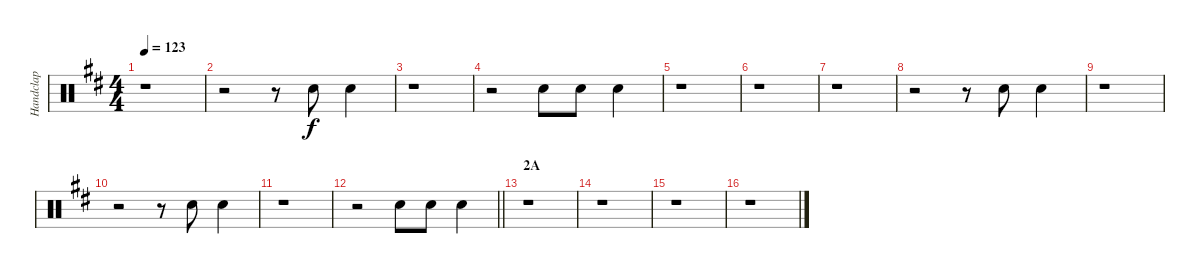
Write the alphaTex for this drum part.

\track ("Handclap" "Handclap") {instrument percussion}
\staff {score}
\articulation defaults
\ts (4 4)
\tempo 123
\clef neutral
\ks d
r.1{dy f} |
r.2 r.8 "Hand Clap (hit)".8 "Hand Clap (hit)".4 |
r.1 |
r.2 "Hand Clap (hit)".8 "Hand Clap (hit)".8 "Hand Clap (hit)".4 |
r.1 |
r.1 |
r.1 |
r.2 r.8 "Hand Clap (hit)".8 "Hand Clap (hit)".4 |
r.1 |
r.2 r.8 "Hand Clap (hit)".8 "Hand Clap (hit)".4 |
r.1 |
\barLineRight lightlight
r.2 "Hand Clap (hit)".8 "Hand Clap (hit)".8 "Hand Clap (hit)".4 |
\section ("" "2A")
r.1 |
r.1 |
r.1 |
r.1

- - -

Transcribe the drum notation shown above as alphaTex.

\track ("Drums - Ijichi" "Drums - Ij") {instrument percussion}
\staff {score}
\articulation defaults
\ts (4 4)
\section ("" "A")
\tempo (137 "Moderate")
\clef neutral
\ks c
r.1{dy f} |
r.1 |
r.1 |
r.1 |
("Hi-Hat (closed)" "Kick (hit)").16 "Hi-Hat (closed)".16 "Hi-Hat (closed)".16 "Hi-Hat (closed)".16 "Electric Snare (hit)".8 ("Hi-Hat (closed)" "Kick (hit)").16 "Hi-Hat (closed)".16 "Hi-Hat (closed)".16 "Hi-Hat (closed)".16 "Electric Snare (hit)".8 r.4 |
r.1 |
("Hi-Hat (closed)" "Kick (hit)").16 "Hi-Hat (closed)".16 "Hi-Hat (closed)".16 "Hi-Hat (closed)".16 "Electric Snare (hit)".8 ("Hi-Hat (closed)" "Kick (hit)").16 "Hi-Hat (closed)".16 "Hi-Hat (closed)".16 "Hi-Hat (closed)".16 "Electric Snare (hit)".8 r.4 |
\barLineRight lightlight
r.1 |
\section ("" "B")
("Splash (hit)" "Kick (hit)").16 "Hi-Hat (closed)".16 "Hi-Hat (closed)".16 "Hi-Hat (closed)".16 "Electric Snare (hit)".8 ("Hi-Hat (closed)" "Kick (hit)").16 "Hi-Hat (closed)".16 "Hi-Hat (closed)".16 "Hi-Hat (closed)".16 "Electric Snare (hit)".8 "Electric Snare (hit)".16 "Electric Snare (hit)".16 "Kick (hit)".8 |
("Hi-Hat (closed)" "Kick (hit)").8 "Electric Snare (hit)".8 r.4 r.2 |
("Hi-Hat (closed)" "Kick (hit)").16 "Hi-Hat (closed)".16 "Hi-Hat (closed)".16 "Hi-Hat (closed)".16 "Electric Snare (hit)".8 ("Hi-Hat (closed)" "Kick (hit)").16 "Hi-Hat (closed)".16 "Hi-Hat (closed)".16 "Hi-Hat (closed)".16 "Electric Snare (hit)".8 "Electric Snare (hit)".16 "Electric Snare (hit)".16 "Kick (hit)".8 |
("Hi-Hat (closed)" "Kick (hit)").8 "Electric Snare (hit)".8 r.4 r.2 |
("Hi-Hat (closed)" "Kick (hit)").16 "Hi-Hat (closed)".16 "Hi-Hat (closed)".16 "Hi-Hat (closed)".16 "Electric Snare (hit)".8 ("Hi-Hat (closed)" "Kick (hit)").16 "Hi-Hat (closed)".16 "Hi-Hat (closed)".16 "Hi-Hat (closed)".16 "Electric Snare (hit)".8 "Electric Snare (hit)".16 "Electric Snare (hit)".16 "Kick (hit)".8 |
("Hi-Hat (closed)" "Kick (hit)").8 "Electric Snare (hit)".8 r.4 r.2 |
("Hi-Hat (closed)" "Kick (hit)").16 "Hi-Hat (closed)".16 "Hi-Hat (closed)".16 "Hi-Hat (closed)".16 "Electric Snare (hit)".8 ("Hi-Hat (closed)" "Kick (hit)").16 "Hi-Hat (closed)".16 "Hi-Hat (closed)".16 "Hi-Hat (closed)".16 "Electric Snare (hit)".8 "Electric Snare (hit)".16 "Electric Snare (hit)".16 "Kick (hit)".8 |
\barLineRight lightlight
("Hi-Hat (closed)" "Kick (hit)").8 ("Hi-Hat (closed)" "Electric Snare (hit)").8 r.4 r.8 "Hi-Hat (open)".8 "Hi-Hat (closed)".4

- - -

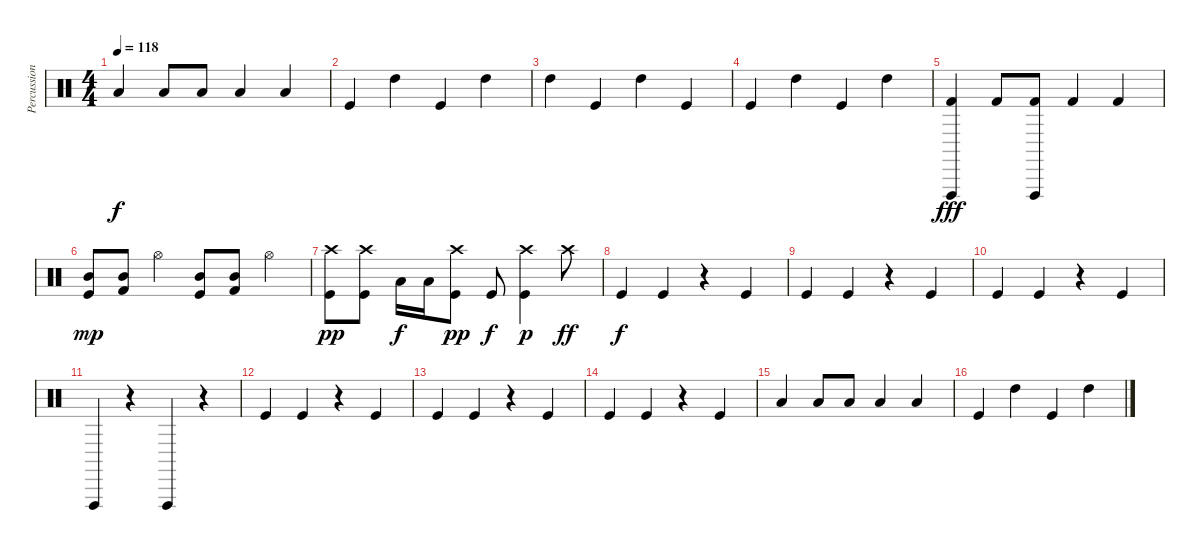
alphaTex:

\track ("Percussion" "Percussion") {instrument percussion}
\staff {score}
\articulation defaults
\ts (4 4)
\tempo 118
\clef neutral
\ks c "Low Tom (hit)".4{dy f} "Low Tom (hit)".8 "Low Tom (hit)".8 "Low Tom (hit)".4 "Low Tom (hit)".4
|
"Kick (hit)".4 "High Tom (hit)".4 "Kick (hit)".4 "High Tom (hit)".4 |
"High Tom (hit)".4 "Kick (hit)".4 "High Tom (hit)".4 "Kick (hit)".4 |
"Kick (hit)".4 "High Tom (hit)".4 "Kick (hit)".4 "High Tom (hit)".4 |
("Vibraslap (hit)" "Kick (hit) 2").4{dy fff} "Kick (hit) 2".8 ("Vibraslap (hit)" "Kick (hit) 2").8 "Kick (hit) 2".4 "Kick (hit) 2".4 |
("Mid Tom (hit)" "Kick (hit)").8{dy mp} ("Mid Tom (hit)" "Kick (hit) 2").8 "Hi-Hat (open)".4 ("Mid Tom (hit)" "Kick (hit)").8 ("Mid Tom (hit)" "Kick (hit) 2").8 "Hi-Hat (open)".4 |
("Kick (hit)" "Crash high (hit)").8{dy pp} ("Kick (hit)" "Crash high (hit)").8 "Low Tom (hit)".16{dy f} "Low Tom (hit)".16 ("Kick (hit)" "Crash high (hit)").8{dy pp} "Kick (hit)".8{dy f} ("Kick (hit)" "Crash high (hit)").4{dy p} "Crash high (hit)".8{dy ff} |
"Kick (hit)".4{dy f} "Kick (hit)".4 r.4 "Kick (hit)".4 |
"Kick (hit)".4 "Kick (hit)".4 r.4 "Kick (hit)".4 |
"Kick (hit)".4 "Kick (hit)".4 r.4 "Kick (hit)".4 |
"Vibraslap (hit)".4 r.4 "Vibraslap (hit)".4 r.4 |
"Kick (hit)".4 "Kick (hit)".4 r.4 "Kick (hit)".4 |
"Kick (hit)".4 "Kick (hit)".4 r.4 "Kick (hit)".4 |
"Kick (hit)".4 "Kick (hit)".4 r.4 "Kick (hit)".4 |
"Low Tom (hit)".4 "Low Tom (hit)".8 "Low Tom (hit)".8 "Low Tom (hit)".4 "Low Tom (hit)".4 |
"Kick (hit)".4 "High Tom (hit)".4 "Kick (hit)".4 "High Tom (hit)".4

- - -

AIM OF THE EXERCISE
What is the number of lines in the listing that include the word "instrument"? Give that number and nothing else.

RESPONSE
3